Agustín Díaz Yanes and Alejandro Amenábar were born more than 20 years apart, but they began directing films at the same time. The first with No one will talk about us when we are deadin 1995, and the other with Thesisjust a year later. Two of the most outstanding debut films in recent Spanish cinematography, recognized with eight and seven Goya awards respectively. Then the cinema was bustling and you could only see it in the theaters. Three decades after that, with the two established as big names in our cinema and with an industry completely different from the one where they were born, both return to the screens after more than five years of absence. This Tuesday they met with the students of the 40th class of the Master of Journalism at the UAM-EL PAÍS School to talk about those production models transformed by digital platforms and their new jobs: A ghost in battle y The captive.
There are few similarities, a priori, between the artistic vision of both directors, but they share a long career and validity that allows us to better understand the new functioning of cinema in the 21st century, increasingly swallowed up by digital platforms. Today their feature films are opening up to new formats and come under the umbrella of Netflix, which finances part of The captive in exchange for its exclusivity on the platform and produces completely A ghost in battlewhat they call Netflix original—. Models that have ceased to be simple alternatives and have become regular features in large productions. “Today movies are consumed on the screen a lot. I have never seen some of my favorite movies in a cinema. I like to make movies with whatever budget is needed and that’s it. I don’t care if it goes directly to the platform without going to the cinemas. I want freedom and budget,” Amenábar said as soon as he began.

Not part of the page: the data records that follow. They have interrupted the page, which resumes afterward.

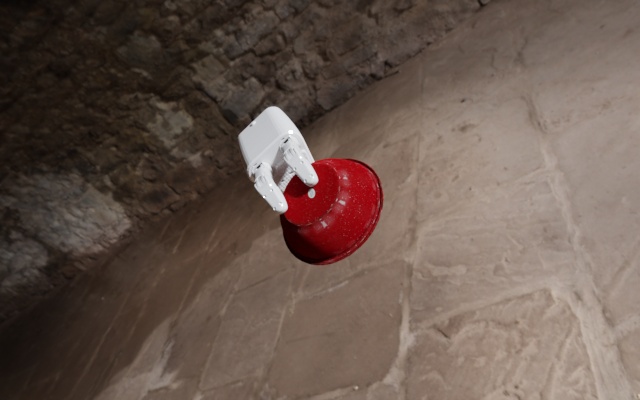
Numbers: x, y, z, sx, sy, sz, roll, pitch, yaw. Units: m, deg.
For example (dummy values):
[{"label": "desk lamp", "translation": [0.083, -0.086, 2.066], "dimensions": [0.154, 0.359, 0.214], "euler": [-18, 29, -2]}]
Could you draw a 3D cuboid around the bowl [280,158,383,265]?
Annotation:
[{"label": "bowl", "translation": [0.001, 0.002, 0.639], "dimensions": [0.162, 0.162, 0.055], "euler": [0, -25, 36]}]

The experience is particularly novel for Díaz Yanes —Amenábar had already debuted While the war lasts y Fortunea miniseries produced by and for Movistar Plus+—, who returns to directing after Oro, released in 2017. The first project of a 75-year-old veteran filmmaker, who opens himself to a model like this, distanced him from the traditional and forced his film to be shown in theaters for only three weeks. “At first I went in with some hesitation, thinking that Netflix might torture me, but they were the only ones interested in the film and I hadn’t directed for many years and I couldn’t say no. Then I had complete creative freedom and, for the first time, I don’t know if it’s good or not, no problem with the budget,” he said.
The result was a film with “much more money than expected” and the views of many millions of people, surely more, the filmmaker has said, than any of his other films. “It is very difficult to make films today that reach a budget of 10 million euros. The one we had planned, for example, was much smaller. I would have lost locations, the Italian songs, which are very expensive, and my salary,” he continued.

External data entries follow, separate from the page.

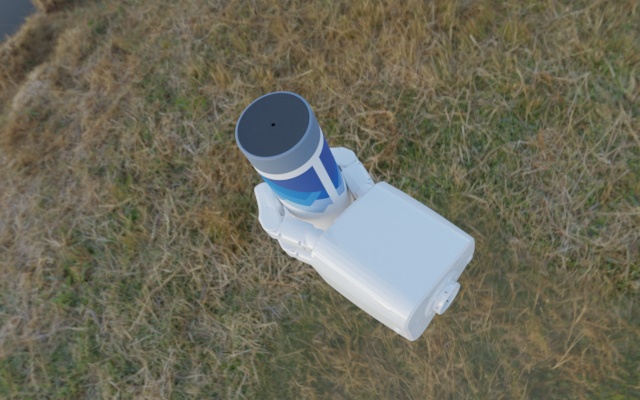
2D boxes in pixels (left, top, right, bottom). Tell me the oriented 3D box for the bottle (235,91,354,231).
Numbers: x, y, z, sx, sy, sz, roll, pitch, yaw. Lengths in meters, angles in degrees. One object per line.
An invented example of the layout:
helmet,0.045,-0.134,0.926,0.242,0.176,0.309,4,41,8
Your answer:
bottle,0.000,0.002,0.511,0.069,0.069,0.296,0,-25,17

The same has attracted Amenábar to the multinational platform. The captive, what receives Netflix with a different financing model—only a portion of the budget in exchange for exclusivity in the streaming— had, unlike A ghost in battle, a longer presence in theaters, although, the director explained, without the financing of the platform, it would have remained stagnant: “Mine is a film designed to be exploited in the cinema, but Netflix has allowed us to build the house of cards and probably with the reality of current cinema we would not have been able to make it.”

It is true that both continue to feel an attraction for the rooms and, beyond puritanism, they find palpable benefits in them. “The rooms at least allow what you have dedicated two or three years of your life to to have much more weight,” said Amenábar. And reaching platforms that host hundreds of thousands of audiovisual products carries the enormous risk of getting lost in an immense catalog. “It may be that you go to a platform, they give you the money, and no one sees the film,” Díaz Yanes stated. And Amenábar has complemented: “It can happen to you that you are successful or that your film goes unnoticed.”
Nor has one of the controversies that drags the issue most in the industry: the relationship of film academies with these models. A relationship that for Díaz Yanes “is going badly.” “I have already said that making a film on Netflix has many benefits, but this weighs,” said the director. His colleague differs: “I think that the debate is rather about what we consider a film suitable for the Goya. And it is a debate that the Oscars or the Golden Globes are having right now. It is a debate in which our films do not enter because they have been in movie theaters, but the Academy protects, like the Academy of Language, the essences.”
Theirs, although nominated for the Spanish film awards that will be presented next month, do not appear in the most important categories of a night in which they promise to star. Sirâtby Oliver Laxe and Sundaysby Alauda Ruiz de Azúa. “For me, the interesting thing this year is to see how the Academy is going to choose the winning film. I think it will have a divided heart. I won’t say more,” said Amenábar. A debate that Díaz Yanes did not want to enter because he had not seen Laxe’s film: “I never see movies in which a child dies.” Whichever the winner is, Netflix will have to wait at least another year to be the protagonist on the top of the awards.